[[ SOURCE DATA, beginning ]]

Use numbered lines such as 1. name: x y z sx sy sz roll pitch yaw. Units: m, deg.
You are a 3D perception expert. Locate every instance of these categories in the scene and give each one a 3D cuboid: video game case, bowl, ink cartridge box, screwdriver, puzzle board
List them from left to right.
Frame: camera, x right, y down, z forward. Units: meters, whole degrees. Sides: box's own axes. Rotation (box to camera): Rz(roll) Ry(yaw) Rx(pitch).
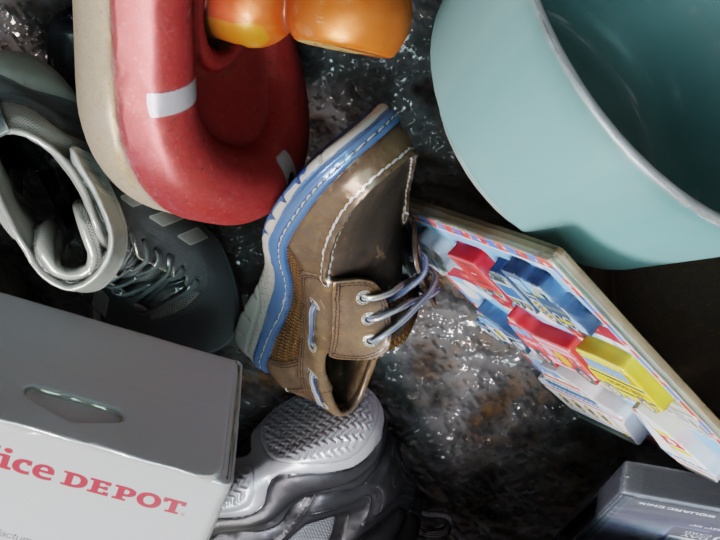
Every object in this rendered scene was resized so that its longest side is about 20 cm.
1. ink cartridge box: -0.151 0.117 0.987 0.144 0.084 0.201 16 127 -10
2. screwdriver: -0.127 -0.031 1.034 0.029 0.028 0.201 16 127 28
3. puzzle board: 0.089 0.031 0.966 0.017 0.200 0.151 -47 111 -7
4. bowl: 0.107 -0.081 0.908 0.200 0.201 0.105 38 136 -17
5. video game case: 0.172 0.134 1.043 0.142 0.019 0.200 11 160 -3

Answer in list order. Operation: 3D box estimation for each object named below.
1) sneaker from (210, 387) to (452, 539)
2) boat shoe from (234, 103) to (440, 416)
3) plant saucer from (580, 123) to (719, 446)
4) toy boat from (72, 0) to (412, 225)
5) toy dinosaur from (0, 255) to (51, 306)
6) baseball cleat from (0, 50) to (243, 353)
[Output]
1. sneaker: -0.051 0.143 1.101 0.199 0.076 0.114 -29 115 19
2. boat shoe: 0.000 0.000 0.976 0.072 0.072 0.200 44 153 12
3. plant saucer: 0.201 0.008 1.029 0.199 0.035 0.201 2 120 3
4. toy boat: -0.041 -0.112 0.907 0.130 0.131 0.201 13 124 19
5. toy dinosaur: -0.174 0.028 1.037 0.077 0.103 0.200 -34 121 26
6. baseball cleat: -0.115 -0.007 0.976 0.070 0.107 0.200 -33 128 12

[[ SOURCE DATA, end ]]

HOW TO COMPLETE THIS TASK.
Your reply should hold only the records, duplicated exactly, without any image.

RESPONSE FOR THIS EXERCISE.
Use numbered lines such as 1. name: x y z sx sy sz roll pitch yaw. Units: m, deg.
You are a 3D perception expert. Locate every instance of these categories in the scene and give each one a 3D cuboid: video game case, bowl, ink cartridge box, screwdriver, puzzle board
List them from left to right.
Frame: camera, x right, y down, z forward. Units: meters, whole degrees. Sides: box's own axes. Rotation (box to camera): Rz(roll) Ry(yaw) Rx(pitch).
Every object in this rendered scene was resized so that its longest side is about 20 cm.
1. ink cartridge box: -0.151 0.117 0.987 0.144 0.084 0.201 16 127 -10
2. screwdriver: -0.127 -0.031 1.034 0.029 0.028 0.201 16 127 28
3. puzzle board: 0.089 0.031 0.966 0.017 0.200 0.151 -47 111 -7
4. bowl: 0.107 -0.081 0.908 0.200 0.201 0.105 38 136 -17
5. video game case: 0.172 0.134 1.043 0.142 0.019 0.200 11 160 -3

Answer in list order. Operation: 3D box estimation for each object named below.
1) sneaker from (210, 387) to (452, 539)
2) boat shoe from (234, 103) to (440, 416)
3) plant saucer from (580, 123) to (719, 446)
4) toy boat from (72, 0) to (412, 225)
5) toy dinosaur from (0, 255) to (51, 306)
6) baseball cleat from (0, 50) to (243, 353)
[Output]
1. sneaker: -0.051 0.143 1.101 0.199 0.076 0.114 -29 115 19
2. boat shoe: 0.000 0.000 0.976 0.072 0.072 0.200 44 153 12
3. plant saucer: 0.201 0.008 1.029 0.199 0.035 0.201 2 120 3
4. toy boat: -0.041 -0.112 0.907 0.130 0.131 0.201 13 124 19
5. toy dinosaur: -0.174 0.028 1.037 0.077 0.103 0.200 -34 121 26
6. baseball cleat: -0.115 -0.007 0.976 0.070 0.107 0.200 -33 128 12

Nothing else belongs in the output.